Recent results suggest that insulin-like growth factor-I (IGF-I) may be involved in the transition of a hemodynamic load into cardiac hypertrophy and that the expression of IGF-I seems to be coupled to increased wall stress. The present study investigated the role of growth hormone (GH) and IGF-I in myocardial hypertrophy induced by volume overload. An aortocaval fistula (ACF) was created in male Wistar rats, and experiments were performed 2, 4, and 7 days after the onset of volume overload. Right and left ventricular (RV and LV, respectively) myocardial expression of GH receptor mRNA and IGF-I mRNA were quantitated by a solution hybridization RNase protection assay. RV GH receptor mRNA content was elevated on the fourth and seventh days after the induction of the shunt, with peak levels (0.63+/-0.16 versus 0.14+/-0.03 amol/mu g DNA for the sham-operated animals; P<.01) after 4 days. Similarly, IGF-I mRNA was significantly increased in the RV of shunted animals (1.26+/-0.13 versus 0.56+/-0.05 amol/mu g DNA; P<.01) 7 days after surgery. In the left ventricle, where systolic pressure was reduced in ACF rats, no differences could be detected in GH receptor and IGF-I mRNA content between ACF and sham-operated rats on any of the experimental days. There was no difference in the ratio of RV to LV weight during the experimental period.

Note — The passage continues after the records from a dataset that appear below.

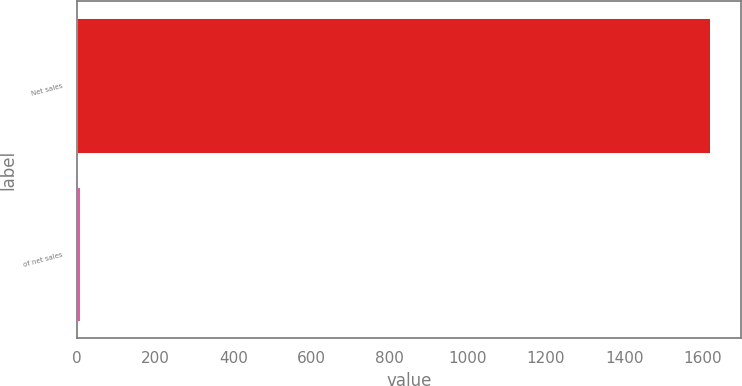Convert chart. <chart><loc_0><loc_0><loc_500><loc_500><bar_chart><fcel>Net sales<fcel>of net sales<nl><fcel>1618.5<fcel>9.2<nl></chart> 
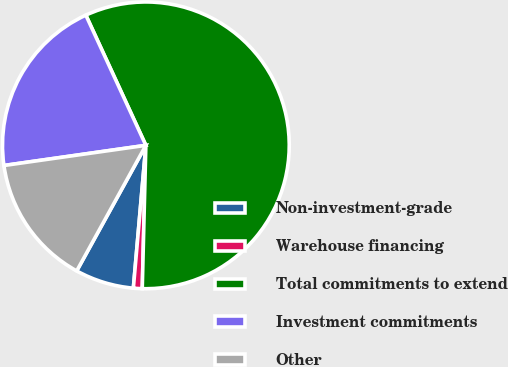<chart> <loc_0><loc_0><loc_500><loc_500><pie_chart><fcel>Non-investment-grade<fcel>Warehouse financing<fcel>Total commitments to extend<fcel>Investment commitments<fcel>Other<nl><fcel>6.62%<fcel>0.99%<fcel>57.27%<fcel>20.37%<fcel>14.74%<nl></chart> 
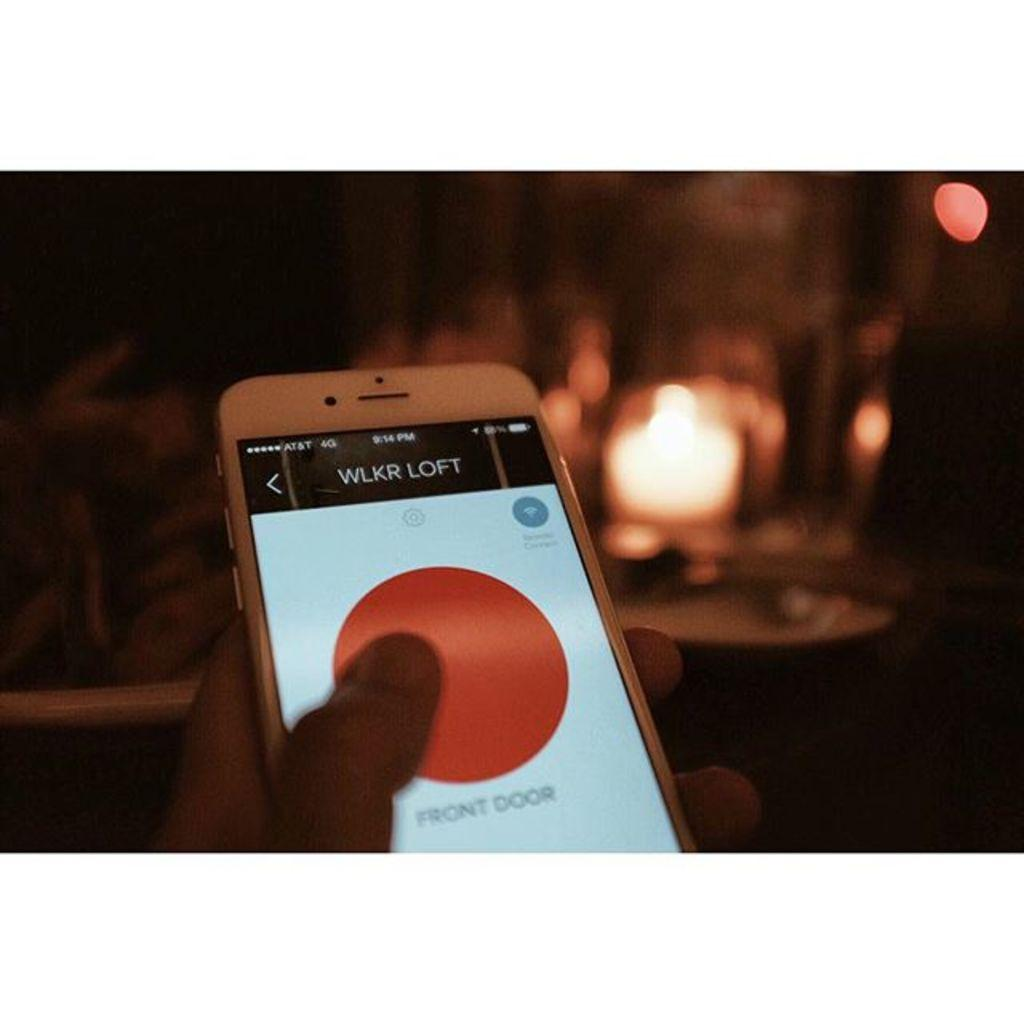<image>
Render a clear and concise summary of the photo. An AT&T phone open to a smart home app that locks and unlocks the front door. 
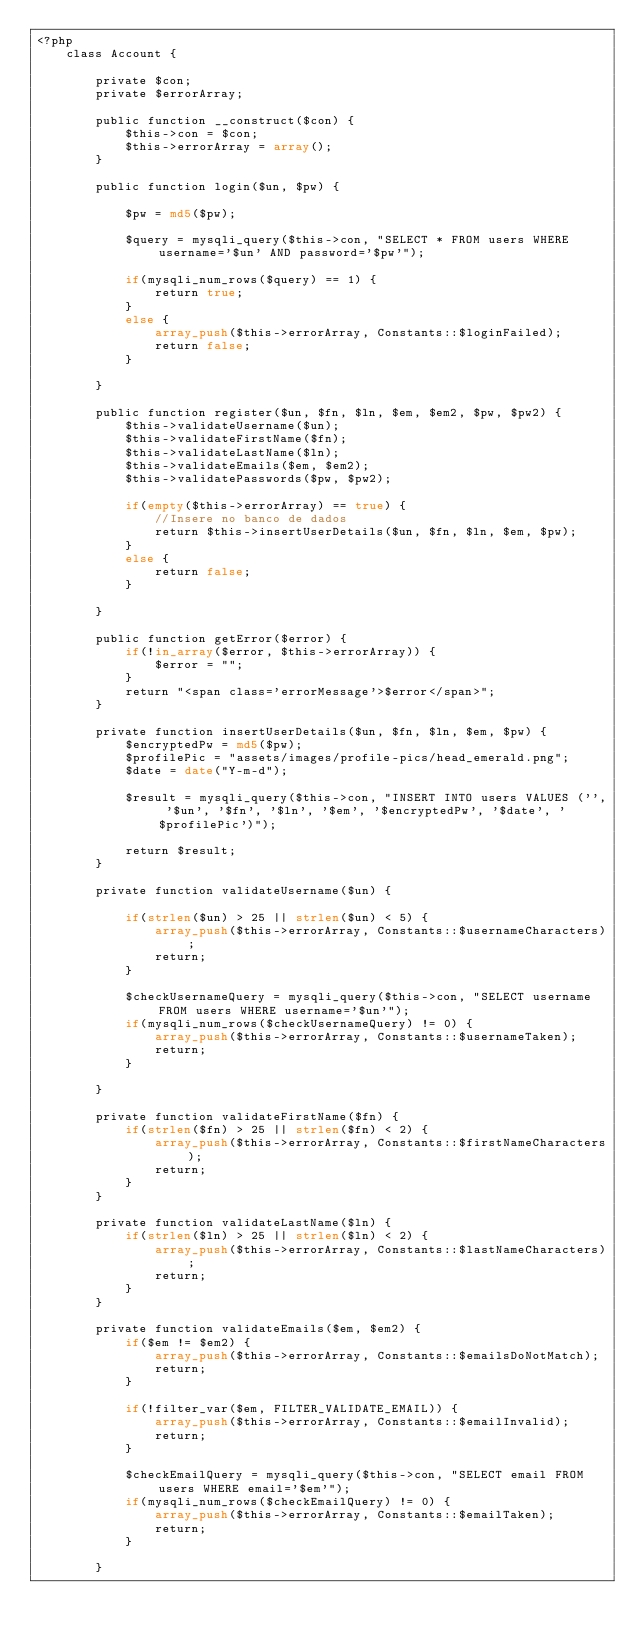<code> <loc_0><loc_0><loc_500><loc_500><_PHP_><?php
	class Account {

		private $con;
		private $errorArray;

		public function __construct($con) {
			$this->con = $con;
			$this->errorArray = array();
		}

		public function login($un, $pw) {

			$pw = md5($pw);

			$query = mysqli_query($this->con, "SELECT * FROM users WHERE username='$un' AND password='$pw'");

			if(mysqli_num_rows($query) == 1) {
				return true;
			}
			else {
				array_push($this->errorArray, Constants::$loginFailed);
				return false;
			}

		}

		public function register($un, $fn, $ln, $em, $em2, $pw, $pw2) {
			$this->validateUsername($un);
			$this->validateFirstName($fn);
			$this->validateLastName($ln);
			$this->validateEmails($em, $em2);
			$this->validatePasswords($pw, $pw2);

			if(empty($this->errorArray) == true) {
				//Insere no banco de dados
				return $this->insertUserDetails($un, $fn, $ln, $em, $pw);
			}
			else {
				return false;
			}

		}

		public function getError($error) {
			if(!in_array($error, $this->errorArray)) {
				$error = "";
			}
			return "<span class='errorMessage'>$error</span>";
		}

		private function insertUserDetails($un, $fn, $ln, $em, $pw) {
			$encryptedPw = md5($pw);
			$profilePic = "assets/images/profile-pics/head_emerald.png";
			$date = date("Y-m-d");

			$result = mysqli_query($this->con, "INSERT INTO users VALUES ('', '$un', '$fn', '$ln', '$em', '$encryptedPw', '$date', '$profilePic')");

			return $result;
		}

		private function validateUsername($un) {

			if(strlen($un) > 25 || strlen($un) < 5) {
				array_push($this->errorArray, Constants::$usernameCharacters);
				return;
			}

			$checkUsernameQuery = mysqli_query($this->con, "SELECT username FROM users WHERE username='$un'");
			if(mysqli_num_rows($checkUsernameQuery) != 0) {
				array_push($this->errorArray, Constants::$usernameTaken);
				return;
			}

		}

		private function validateFirstName($fn) {
			if(strlen($fn) > 25 || strlen($fn) < 2) {
				array_push($this->errorArray, Constants::$firstNameCharacters);
				return;
			}
		}

		private function validateLastName($ln) {
			if(strlen($ln) > 25 || strlen($ln) < 2) {
				array_push($this->errorArray, Constants::$lastNameCharacters);
				return;
			}
		}

		private function validateEmails($em, $em2) {
			if($em != $em2) {
				array_push($this->errorArray, Constants::$emailsDoNotMatch);
				return;
			}

			if(!filter_var($em, FILTER_VALIDATE_EMAIL)) {
				array_push($this->errorArray, Constants::$emailInvalid);
				return;
			}

			$checkEmailQuery = mysqli_query($this->con, "SELECT email FROM users WHERE email='$em'");
			if(mysqli_num_rows($checkEmailQuery) != 0) {
				array_push($this->errorArray, Constants::$emailTaken);
				return;
			}

		}
</code> 
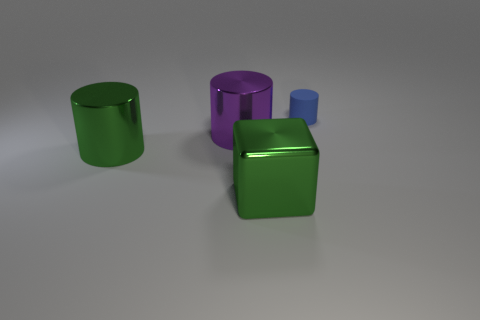How many objects are either blue things or large red blocks?
Provide a succinct answer. 1. What is the material of the object on the right side of the large green shiny object right of the purple metallic object?
Offer a very short reply. Rubber. Are there any yellow things made of the same material as the purple thing?
Keep it short and to the point. No. There is a green metallic thing that is behind the metallic thing that is in front of the metal cylinder left of the purple metal object; what shape is it?
Offer a very short reply. Cylinder. What material is the large purple cylinder?
Your response must be concise. Metal. What is the color of the other large cylinder that is made of the same material as the green cylinder?
Provide a short and direct response. Purple. There is a green object that is to the left of the green shiny block; is there a matte object that is left of it?
Offer a terse response. No. How many other objects are there of the same shape as the purple metallic thing?
Your response must be concise. 2. There is a green object that is to the right of the green metal cylinder; does it have the same shape as the big green shiny thing behind the cube?
Keep it short and to the point. No. There is a shiny cylinder that is behind the green metallic thing that is behind the metal cube; what number of big green metallic things are to the right of it?
Offer a terse response. 1. 
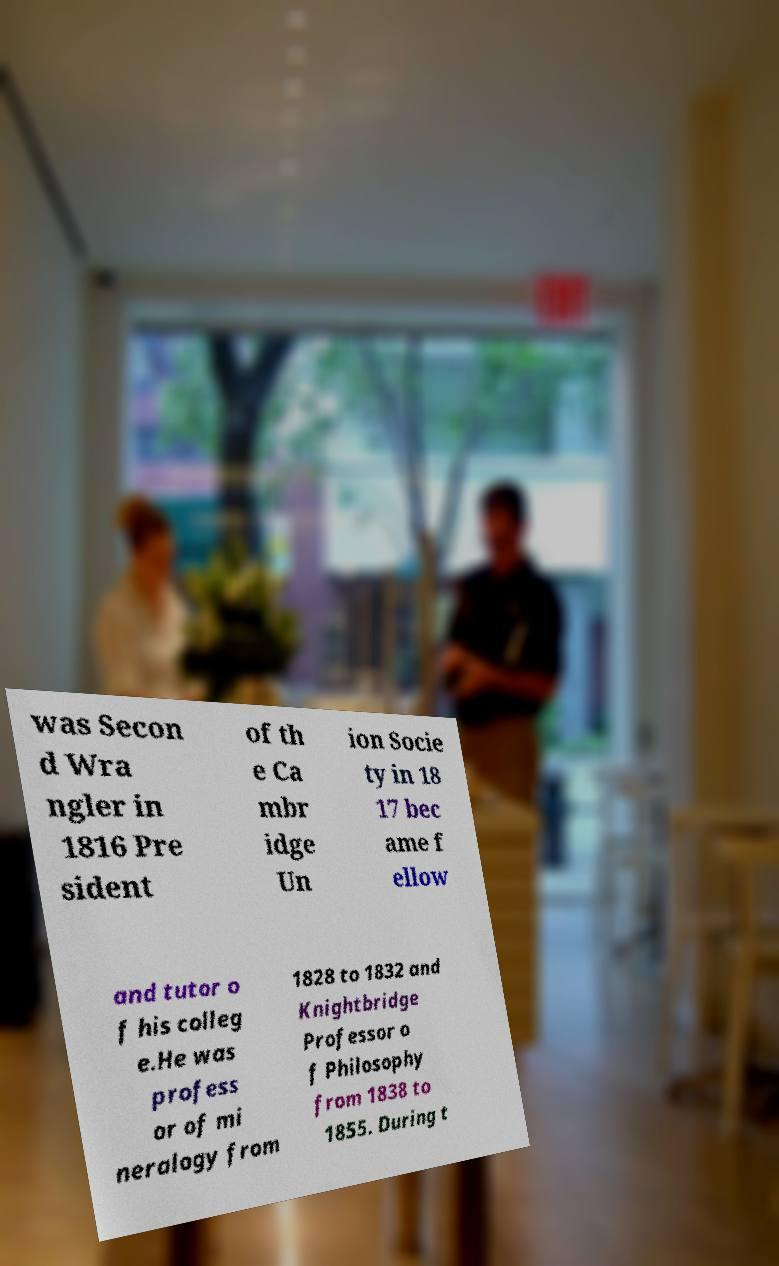Please read and relay the text visible in this image. What does it say? was Secon d Wra ngler in 1816 Pre sident of th e Ca mbr idge Un ion Socie ty in 18 17 bec ame f ellow and tutor o f his colleg e.He was profess or of mi neralogy from 1828 to 1832 and Knightbridge Professor o f Philosophy from 1838 to 1855. During t

We have shown that the thin-walled right ventricle responds to volume overload with an increase of GH receptor mRNA content followed by elevated expression of IGF-I mRNA. The present results suggest that the heart regionally produces trophically acting factors, such as IGF-I, which may be of importance for the initiation of the hypertrophic process, at least when a ventricle is being challenged, such as the right ventricle in volume overload.